CONGIURA Contro il neo direttore del Tg1 perfino una protesta di piazza: emergenza democratica

Pure una «grande» manifestazione per «l’emergenza democratica», gli scatenano addosso. Indetta «unitariamente» dall’Usigrai, sindacato dei giornalisti Rai, e dalla Fnsi, sindacato generale dei giornalisti italiani, con l’associazione di Federico Orlando e Giuseppe Giulietti, hai detto un piffero. A dimostrazione che al ridicolo non c’è mai fine. Ma sì, andate tutti il 28 maggio, ordine e sindacati, Pd e dipietristi, Unità e Repubblica, risorga pure il pio Oscar, tutti fuori dalla fossa a cantar bandiera rossa contro Augusto Minzolini. Il primo, vero cronista indipendente e libero che giunge al timone del Tg1 dopo tanti tromboncini e pesci bolliti.
Ma come si fa ad alzar le barricate contro la prima scelta intelligente mai stata partorita per la Rai dal centrodestra. Passi per i giornalisti Rai, tutti e da sempre lottizzati, proni ad ogni fischio del potente di turno. Ma l’Unità di Concita De Gregorio, scelta per grazia di Veltroni e dei fratelli Soru, che finge di non sapere quanto sia libero e giornalista imbattibile il Minzo? Ed Ezio Mauro, che prima di ereditare la Repubblica di Scalfari e De Benedetti si sarebbe svenato, avrebbe venduto ambedue i reni per non perdere il Minzo, e ora scioglie i corti maltesi? Pietà per Europa di Stefano Menichini, che ieri titolava sul «Lodo Minzolini» definendo il neo direttore del Tg1 «fulminato sulla via di Arcore» e «ufficiale comandato».
Per dirla con Totò: ma mi facci il piacere! In verità non è soltanto invidia del pene tra frati pennaioli, è che s’è scatenata una guerra scomposta e arruffona dove la sinistra spara ormai su se stessa, pure sulle madri e sui propri figli, si lancia verso il baratro mitragliando all’impazzata contro qualunque cosa si muova. Avrebbero ritirato quei bonzi che hanno nel Cda Rai anche se al Tg1 fosse stato nominato Vladimir Ulianov Lenin. Così, dopo averlo riempito di pacche sulle spalle, complimenti e sorrisi finché il totonomine impazzava, ora son tutti lì ad additare l’unico giornalista parlamentare che non ha mai risparmiato nessun politico, come un lebbroso, un venduto, un servo.

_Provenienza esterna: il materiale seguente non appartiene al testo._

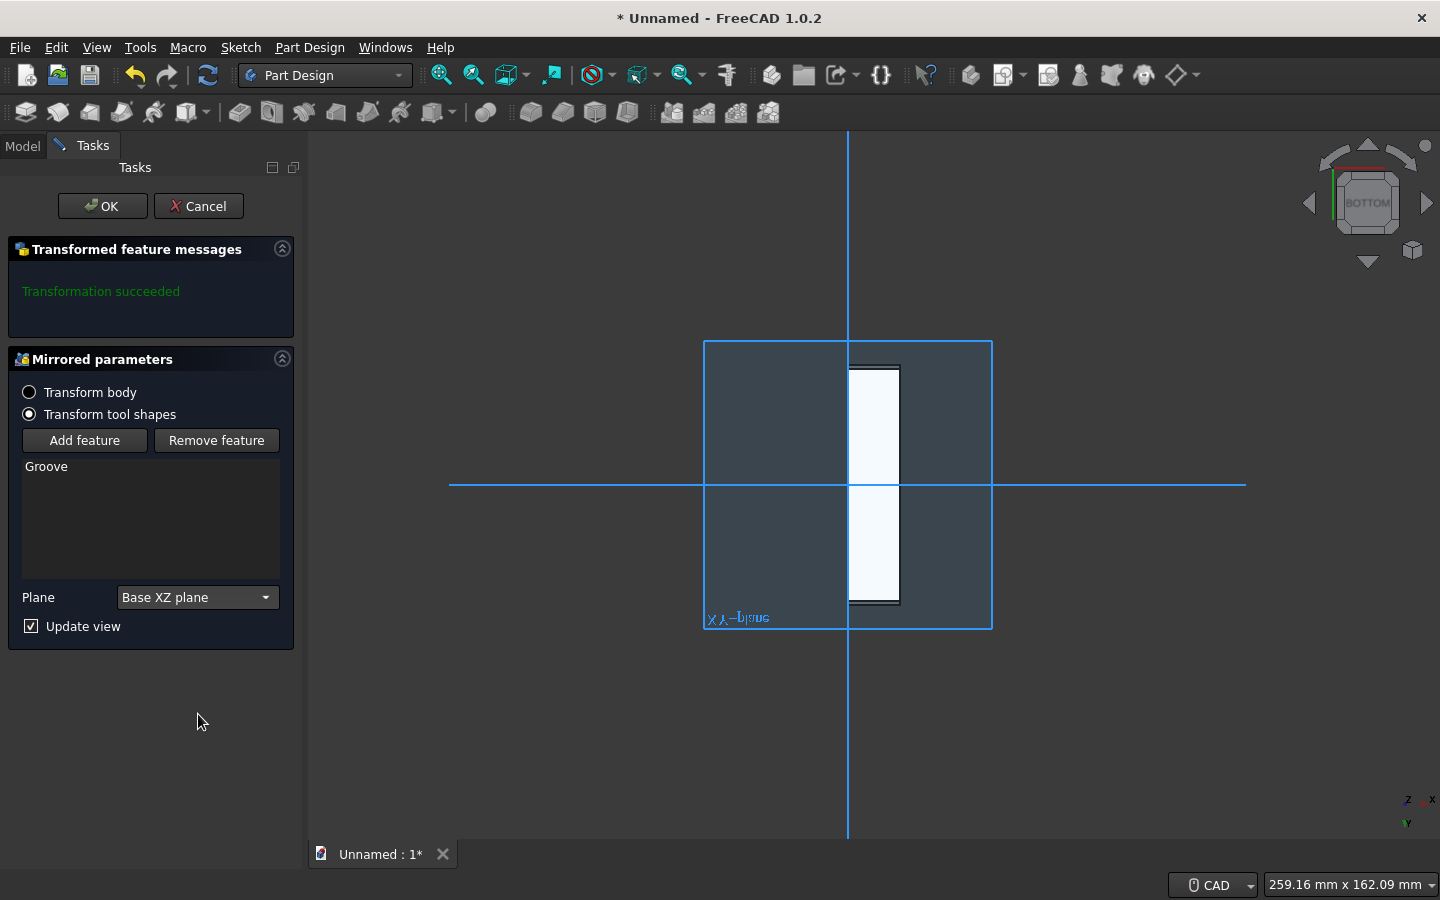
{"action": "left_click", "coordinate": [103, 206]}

Difendo il Minzo anche se non fosse mio amico. Pur se ha dato «sole» anche a me, per iattura in campi diversi dal lavoro e anch’egli senza risparmiare le madri. Ma di grazia, che cosa gli rimproverano? Volevano per il Tg più seguito dagli italiani ancora un direttore materasso? Non è un mistero che se la sua nomina è arrivata così in ritardo, è perché Fini stentava a digerirla. Perché Minzolini scriveva e riscriveva come il presidente della Camera faccia il bastian contrario per scelta e inutilmente, rischiando di far la fine di Casini.

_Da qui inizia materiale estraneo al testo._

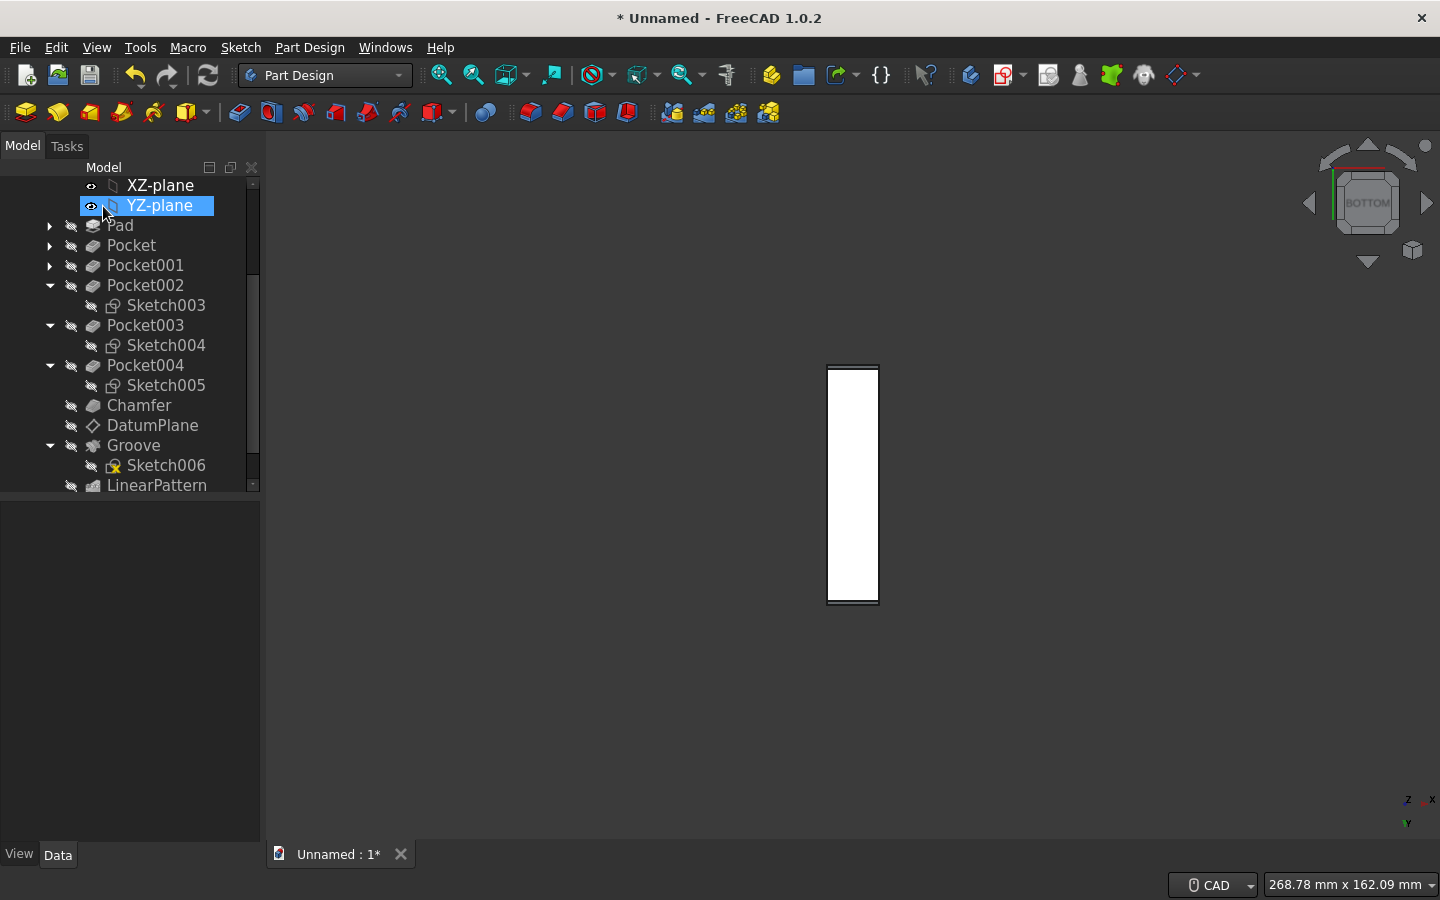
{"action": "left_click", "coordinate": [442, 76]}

È stato lui a far dire al povero e grande Colletti, quando Berlusconi aveva improvvisamente rovesciato la Bicamerale, che il leader del centrodestra era probabilmente «in preda a sostanze eccitanti». Memorabile quella volta che, nell’agosto del 2000, l’inviato della Stampa volò alle Bermuda e riuscì ad intrufolarsi nella villa di Berlusconi, con la promessa che non avrebbe scritto una riga. Lui rispettò l’impegno, però fece parlare «i muri che avevano ascoltato», rivelando così che nell’imminente scontro elettorale il Cavaliere preferiva aver di fronte Rutelli piuttosto che Amato, perché gli avrebbe «tirato fuori il suo passato radicale e abortista». L’aneddotica un po’ velenosa racconta ancora di quando il giovane Minzolini e il grande Guido Quaranta si infilarono un camice degli addetti alle pulizie per orecchiare quanto si discuteva nel sinedrio democristiano, venendo scoperti e buttati fuori in malo modo. Ma è ancora il Minzo che intervistava Rutelli sotto la doccia, Forlani mentre gli tingevano i capelli d’azzurrino. È lui che ha provocato le dimissioni di Violante dall’Antimafia rubandogli la notizia, mentre correva nel corridoietto dell’aula di Montecitorio, che la procura di Catania stava incriminando Dell’Utri. Soltanto a lui, pur sorridendo, D’Alema dice: «Ti spezzo le gambe». Lui ha scoperto il «patto della crostata» a casa Letta, lui ha messo in difficoltà Craxi scrivendo che «per far carriera in Rai si deve passare per il salotto di GBR», la tv di Ania Pieroni. Eppure, la più bella intervista televisiva del suo ultimo anno di vita ad Hammamet, Craxi l’ha data a Minzolini.
Ma se non va bene neanche lui, vuol dire che la sedicente sinistra è votata all’estinzione. Come i dinosauri rintronati.